Your task
Look for "degrees" in each line of the records, and copy the lines that have it.

Data excerpts
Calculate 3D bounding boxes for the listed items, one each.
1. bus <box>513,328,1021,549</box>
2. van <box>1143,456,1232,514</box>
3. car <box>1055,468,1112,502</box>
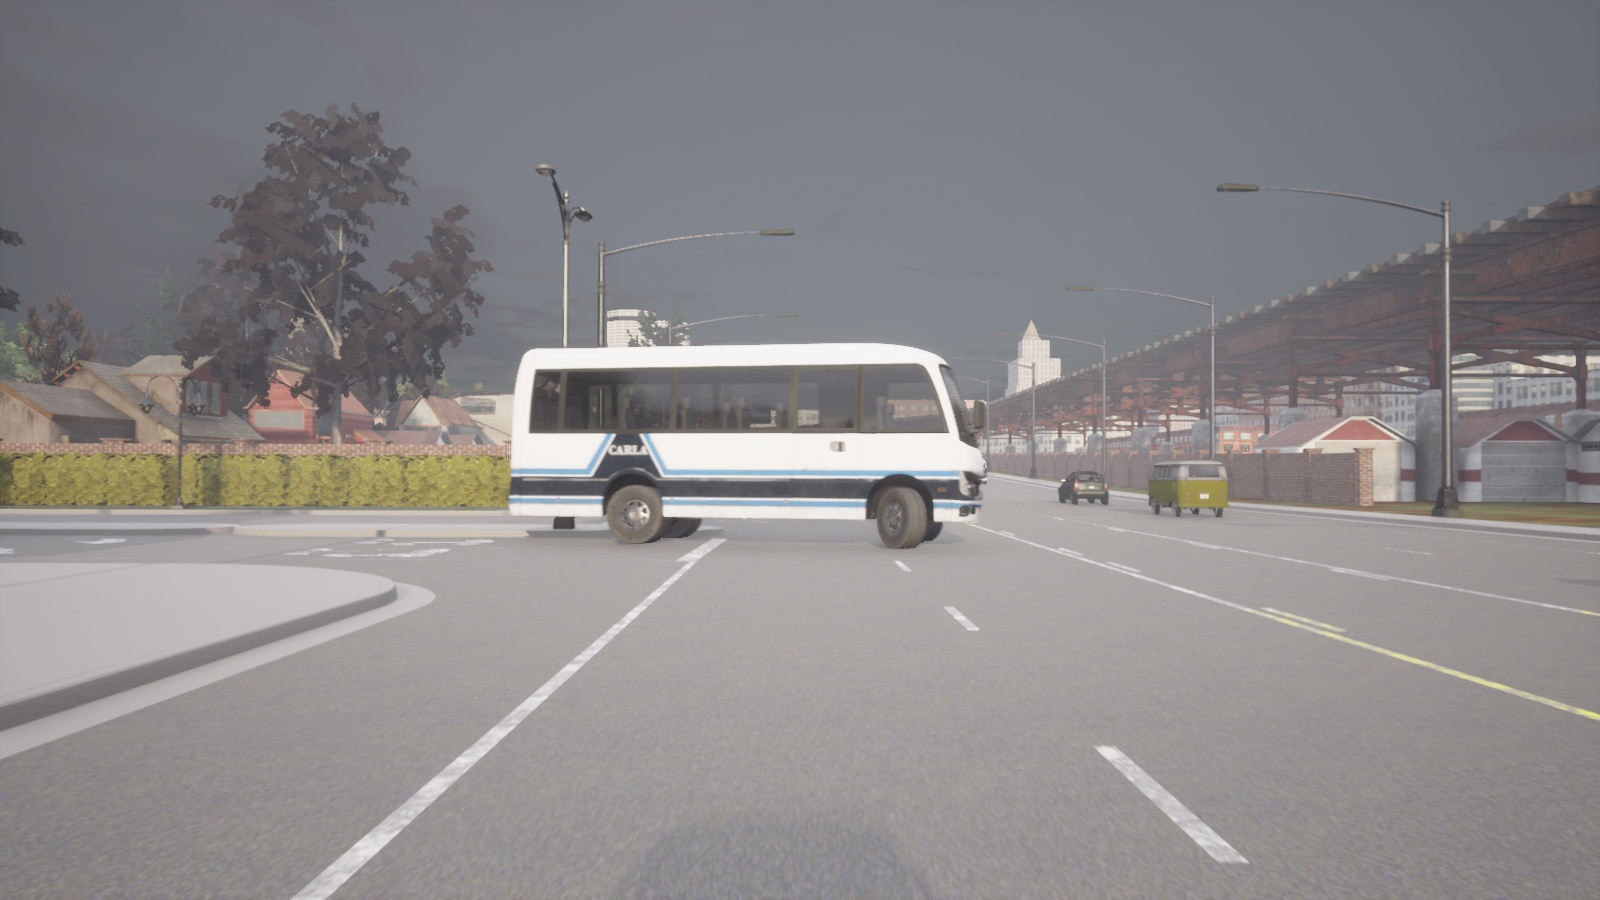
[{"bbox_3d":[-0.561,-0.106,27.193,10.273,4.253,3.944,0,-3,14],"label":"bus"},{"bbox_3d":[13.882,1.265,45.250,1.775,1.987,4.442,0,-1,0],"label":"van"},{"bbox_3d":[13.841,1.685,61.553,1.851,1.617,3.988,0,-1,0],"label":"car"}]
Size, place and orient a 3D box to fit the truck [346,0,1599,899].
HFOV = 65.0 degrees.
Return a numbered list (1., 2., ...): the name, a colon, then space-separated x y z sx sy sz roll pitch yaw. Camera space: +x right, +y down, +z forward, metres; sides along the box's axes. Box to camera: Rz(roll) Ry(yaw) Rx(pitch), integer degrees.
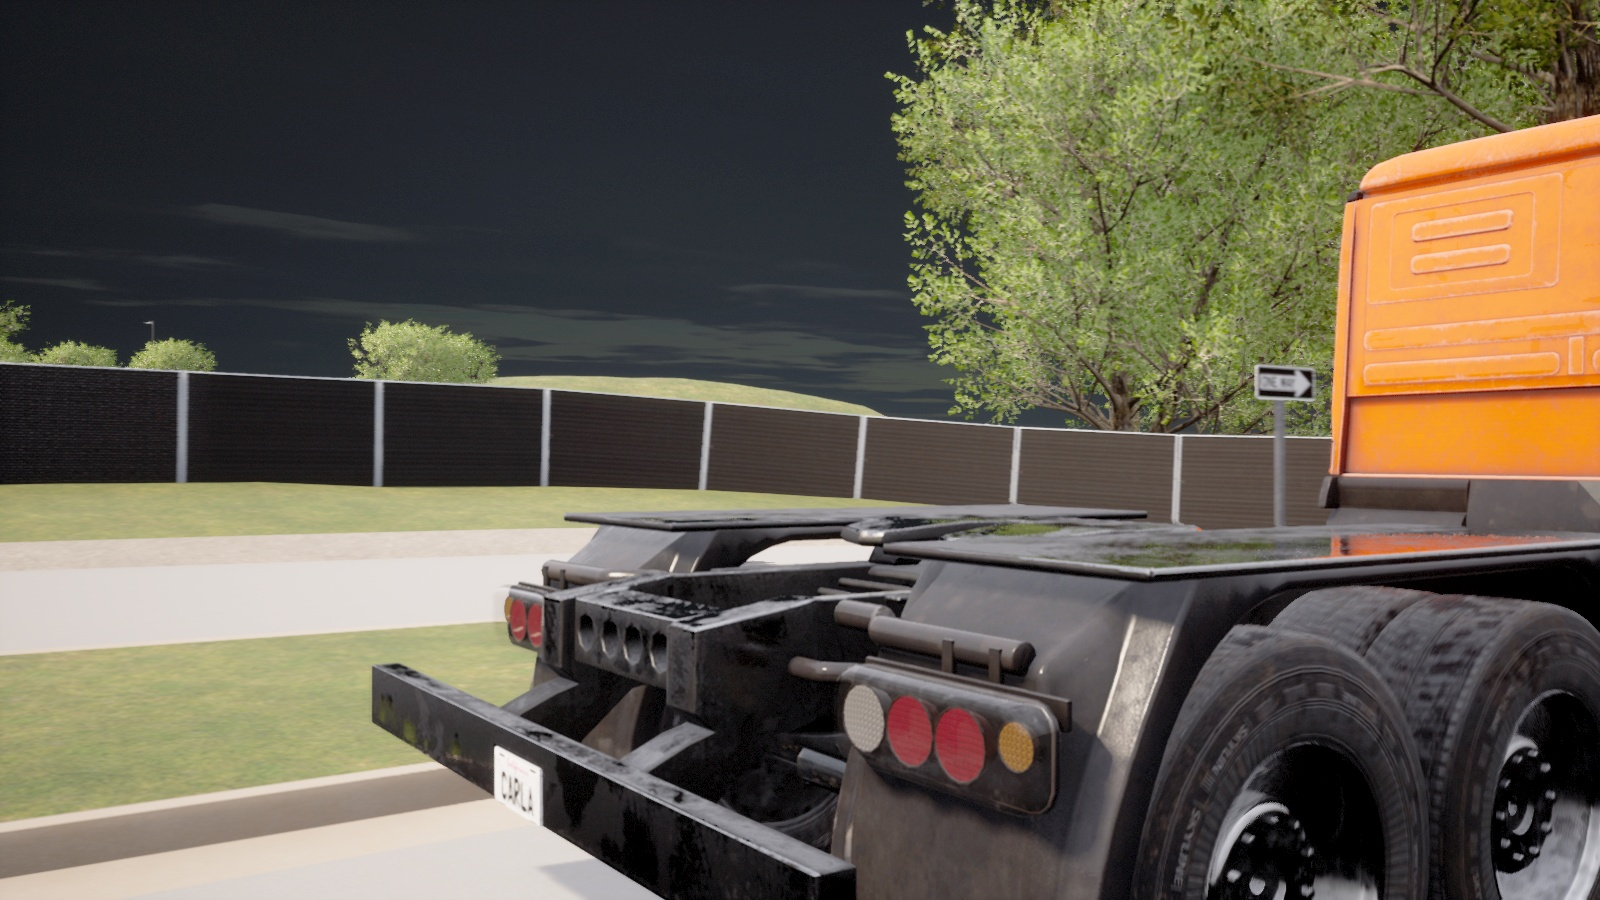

Result of this task
HFOV = 65.0 degrees.
Return a numbered list (1., 2., ...): the name, a colon, then space-separated x y z sx sy sz roll pitch yaw. Camera space: +x right, +y down, +z forward, metres; sides along the box's axes. Box to camera: Rz(roll) Ry(yaw) Rx(pitch), integer degrees.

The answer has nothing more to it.